El 31 de marzo amanece frío y lluvioso en la ciudad de Washington. Llegamos pasada la medianoche para asistir a una nueva edición de Plan País. Se trata de un foro muy interesante, denso y altamente comprometido, organizado por estudiantes venezolanos de pre y postgrado de las universidades más prestigiosas de los Estados Unidos. Esta es mi segunda oportunidad, la primera fue hace ya varios años en la Universidad de Columbia, en Nueva York, donde me tocó compartir con los entonces poco conocidos jóvenes Juan Requesens y Alfredo Graffe, fajados en aquel tiempo en las luchas estudiantiles. La experiencia fue extraordinaria, superlativa y muy estimulante. Tanto que nos atormenta y angustia la diáspora, especialmente la de los jóvenes, pero éstos –los que han llegado a los más altos niveles en su formación en las más exigentes y prestigiosas universidades-, a pesar de la distancia física del país, lo llevan vivamente incrustado en sus cerebros y corazones. Lo discuten, lo analizan, lo estudian. No lo abandonan. Lo llevan en sus angustias cotidianas, porque a él le pertenecen y, de una u otra manera, a él siempre habrán de regresar.
Así pues que en esta húmeda mañana en el extranjero, mientras preparo las notas para mi intervención en Plan País, tengo ante mis ojos la pantalla de la computadora abarrotada de portales y redes sociales, allí se refleja todo el zafarrancho de lo que ocurre en Venezuela. Para los más influyentes medios internacionales, ya no cabe la más mínima duda del Golpe de Estado atestado por el régimen dictatorial de Nicolás Maduro a lo poco que quedaba de democracia en Venezuela. Autogolpe o Madurazo, como lo quieran llamar, el dictador y sus secuaces le han disparado cobardemente al corazón del pueblo venezolano. El ABC de Madrid hoy ilustra su primera página con un primer plano de un sudoroso Maduro, la mirada perdida, el gesto descompuesto. De cuándo es la foto, no lo sé. Pero si se la tomaran hoy seguro sería mucho peor: la de un hombre ruin, desesperado y fuera de sus cabales, dispuesto a arrasar con todo con tal de permanecer en el poder. ¿Mas qué es el poder en esta hora tan dura, menguada y triste? ¿Poder de qué y para qué? Y, sobre todo, ¿por cuánto tiempo? Inventarse una abrupta Corea del Norte en el Caribe es imposible; hace ya mucho que los Castro dejaron de fantasear semejantes despropósitos. ¿Entonces a qué le apuesta el individuo? Y de los que le rodean, ¿cuántos estarán dispuestos a lanzarse con él al precipicio?
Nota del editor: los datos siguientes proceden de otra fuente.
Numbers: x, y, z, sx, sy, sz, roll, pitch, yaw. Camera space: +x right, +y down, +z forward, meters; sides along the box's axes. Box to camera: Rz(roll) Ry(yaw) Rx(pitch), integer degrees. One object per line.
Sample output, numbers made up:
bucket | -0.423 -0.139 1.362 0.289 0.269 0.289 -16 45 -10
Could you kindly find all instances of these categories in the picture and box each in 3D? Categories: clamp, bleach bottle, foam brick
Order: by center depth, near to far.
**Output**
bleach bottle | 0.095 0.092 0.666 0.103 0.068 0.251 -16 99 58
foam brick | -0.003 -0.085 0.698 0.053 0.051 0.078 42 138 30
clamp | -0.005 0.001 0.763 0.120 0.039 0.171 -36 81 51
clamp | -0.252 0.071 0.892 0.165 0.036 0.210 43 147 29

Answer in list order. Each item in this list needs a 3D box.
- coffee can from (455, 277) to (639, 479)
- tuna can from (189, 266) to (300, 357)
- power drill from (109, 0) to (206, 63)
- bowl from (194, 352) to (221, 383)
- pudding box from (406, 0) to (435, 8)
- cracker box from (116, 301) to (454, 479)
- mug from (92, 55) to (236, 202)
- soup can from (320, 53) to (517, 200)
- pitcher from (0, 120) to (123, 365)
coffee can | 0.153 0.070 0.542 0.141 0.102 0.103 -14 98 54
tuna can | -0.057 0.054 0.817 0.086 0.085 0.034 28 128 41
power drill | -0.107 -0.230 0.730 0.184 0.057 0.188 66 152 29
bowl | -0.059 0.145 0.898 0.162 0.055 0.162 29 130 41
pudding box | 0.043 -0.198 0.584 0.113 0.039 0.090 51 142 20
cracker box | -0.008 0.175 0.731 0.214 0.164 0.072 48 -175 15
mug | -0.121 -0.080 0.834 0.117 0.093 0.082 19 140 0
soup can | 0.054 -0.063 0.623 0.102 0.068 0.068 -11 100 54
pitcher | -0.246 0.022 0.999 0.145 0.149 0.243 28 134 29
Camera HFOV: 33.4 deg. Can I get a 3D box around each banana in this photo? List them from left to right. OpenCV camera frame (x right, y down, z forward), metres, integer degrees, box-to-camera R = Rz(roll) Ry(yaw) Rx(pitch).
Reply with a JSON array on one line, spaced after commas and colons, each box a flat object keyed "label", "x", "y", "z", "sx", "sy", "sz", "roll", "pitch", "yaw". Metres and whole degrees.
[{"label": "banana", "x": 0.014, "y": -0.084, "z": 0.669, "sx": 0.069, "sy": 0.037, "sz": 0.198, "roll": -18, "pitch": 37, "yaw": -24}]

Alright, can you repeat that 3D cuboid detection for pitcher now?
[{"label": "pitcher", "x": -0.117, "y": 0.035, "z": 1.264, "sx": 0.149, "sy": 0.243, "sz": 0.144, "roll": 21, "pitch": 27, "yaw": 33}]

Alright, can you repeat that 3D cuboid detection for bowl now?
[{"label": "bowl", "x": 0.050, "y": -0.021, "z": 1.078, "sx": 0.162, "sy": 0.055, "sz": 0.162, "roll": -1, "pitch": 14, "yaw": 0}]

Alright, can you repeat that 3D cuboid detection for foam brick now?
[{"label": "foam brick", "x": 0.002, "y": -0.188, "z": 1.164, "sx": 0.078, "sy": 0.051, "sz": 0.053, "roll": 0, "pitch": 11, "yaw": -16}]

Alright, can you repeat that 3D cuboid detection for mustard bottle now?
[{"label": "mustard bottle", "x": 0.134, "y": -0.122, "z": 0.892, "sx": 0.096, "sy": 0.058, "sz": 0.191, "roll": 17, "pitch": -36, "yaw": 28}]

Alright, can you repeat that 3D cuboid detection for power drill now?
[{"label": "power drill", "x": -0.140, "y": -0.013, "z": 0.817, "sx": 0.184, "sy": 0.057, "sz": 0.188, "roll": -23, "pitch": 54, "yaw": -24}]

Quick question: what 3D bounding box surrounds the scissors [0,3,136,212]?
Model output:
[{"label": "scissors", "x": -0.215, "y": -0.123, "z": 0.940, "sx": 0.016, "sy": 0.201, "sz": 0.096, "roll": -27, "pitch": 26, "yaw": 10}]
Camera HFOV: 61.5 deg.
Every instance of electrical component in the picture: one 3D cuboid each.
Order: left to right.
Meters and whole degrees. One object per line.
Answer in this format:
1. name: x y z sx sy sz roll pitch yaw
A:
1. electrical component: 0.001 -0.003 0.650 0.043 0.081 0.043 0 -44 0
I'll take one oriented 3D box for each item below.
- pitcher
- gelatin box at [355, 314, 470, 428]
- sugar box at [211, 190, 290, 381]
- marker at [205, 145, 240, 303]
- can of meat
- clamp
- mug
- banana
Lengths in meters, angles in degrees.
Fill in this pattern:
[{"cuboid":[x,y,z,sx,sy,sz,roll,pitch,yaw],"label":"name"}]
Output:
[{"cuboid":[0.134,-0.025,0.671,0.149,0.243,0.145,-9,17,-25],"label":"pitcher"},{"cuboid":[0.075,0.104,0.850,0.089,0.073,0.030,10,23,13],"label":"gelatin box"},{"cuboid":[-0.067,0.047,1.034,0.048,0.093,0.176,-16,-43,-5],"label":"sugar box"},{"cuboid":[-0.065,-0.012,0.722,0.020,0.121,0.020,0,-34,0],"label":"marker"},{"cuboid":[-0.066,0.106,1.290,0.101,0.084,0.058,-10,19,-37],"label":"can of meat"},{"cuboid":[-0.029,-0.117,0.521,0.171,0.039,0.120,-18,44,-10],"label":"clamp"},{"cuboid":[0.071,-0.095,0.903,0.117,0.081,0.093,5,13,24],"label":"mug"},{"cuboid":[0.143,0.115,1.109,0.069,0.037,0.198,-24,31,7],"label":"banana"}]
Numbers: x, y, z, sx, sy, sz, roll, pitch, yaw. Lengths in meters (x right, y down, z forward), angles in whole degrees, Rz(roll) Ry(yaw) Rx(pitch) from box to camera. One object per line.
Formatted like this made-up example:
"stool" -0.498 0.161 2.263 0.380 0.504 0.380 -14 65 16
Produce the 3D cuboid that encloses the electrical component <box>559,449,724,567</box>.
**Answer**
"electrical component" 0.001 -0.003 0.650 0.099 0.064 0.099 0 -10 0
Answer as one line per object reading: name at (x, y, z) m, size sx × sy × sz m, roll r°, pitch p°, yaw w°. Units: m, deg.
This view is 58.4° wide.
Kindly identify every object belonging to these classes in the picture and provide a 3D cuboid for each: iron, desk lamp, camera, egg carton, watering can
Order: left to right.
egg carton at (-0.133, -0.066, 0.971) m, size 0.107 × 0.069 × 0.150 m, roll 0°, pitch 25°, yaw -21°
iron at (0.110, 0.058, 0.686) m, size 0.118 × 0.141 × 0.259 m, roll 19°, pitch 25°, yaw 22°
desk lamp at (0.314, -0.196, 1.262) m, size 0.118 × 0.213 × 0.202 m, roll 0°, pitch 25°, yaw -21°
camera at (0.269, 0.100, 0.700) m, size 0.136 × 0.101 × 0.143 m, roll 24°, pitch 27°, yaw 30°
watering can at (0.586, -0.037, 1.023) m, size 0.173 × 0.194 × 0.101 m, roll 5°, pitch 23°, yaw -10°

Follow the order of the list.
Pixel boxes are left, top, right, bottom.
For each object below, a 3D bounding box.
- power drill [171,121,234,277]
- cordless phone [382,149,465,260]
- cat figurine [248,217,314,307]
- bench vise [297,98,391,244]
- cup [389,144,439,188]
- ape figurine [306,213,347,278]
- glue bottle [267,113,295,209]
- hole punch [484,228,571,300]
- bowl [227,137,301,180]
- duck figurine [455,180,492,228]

En este sentido, es escandaloso y ensordecedor el campanazo que recién ha dado la señora Luisa Ortega Díaz, por fin Fiscal General de la República: con las sentencias 155 y 156 del Tribunal Supremo de la República se ha roto el hilo constitucional. Se ha dado un golpe de estado. ¿Quedará sola la señora Díaz en su posición? ¿Quiénes más del régimen se atreverán a dar un paso adelante? Y, más importante aún, ¿quiénes estarán dispuestos al sacrificio final, quiénes serán los acompañantes en la última hora? Estos -la historia abunda en ejemplos sangrientos y dramáticos- serán los más brutos y desesperados, los más salvajes, las hienas sobre la carroña, y quizá de ellos son estas dentelladas que ya empezamos a sufrir.
Al reloj se le achican las horas. Que la última no nos encuentre desunidos. La historia no perdona.